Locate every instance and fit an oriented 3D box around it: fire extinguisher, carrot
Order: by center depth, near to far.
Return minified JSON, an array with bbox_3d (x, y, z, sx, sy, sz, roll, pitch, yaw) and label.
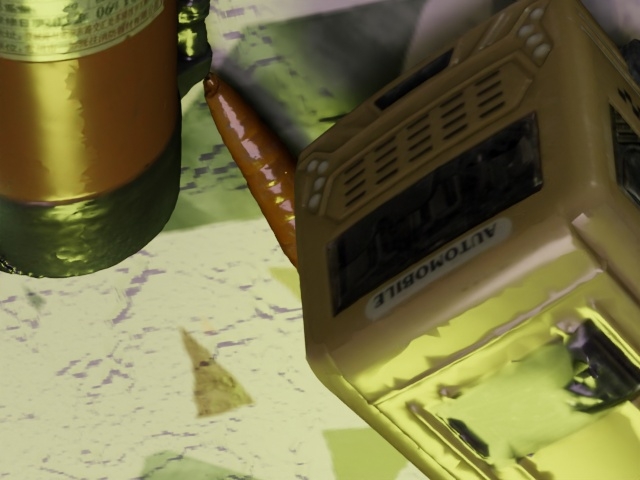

Problem details = An exact copy of the whole listing is required, minus the pictures.

Answer area =
Locate every instance and fit an oriented 3D box around it: fire extinguisher, carrot
Order: by center depth, near to far.
Return minified JSON, an array with bbox_3d (x, y, z, sx, sy, sz, roll, pitch, yaw) and label.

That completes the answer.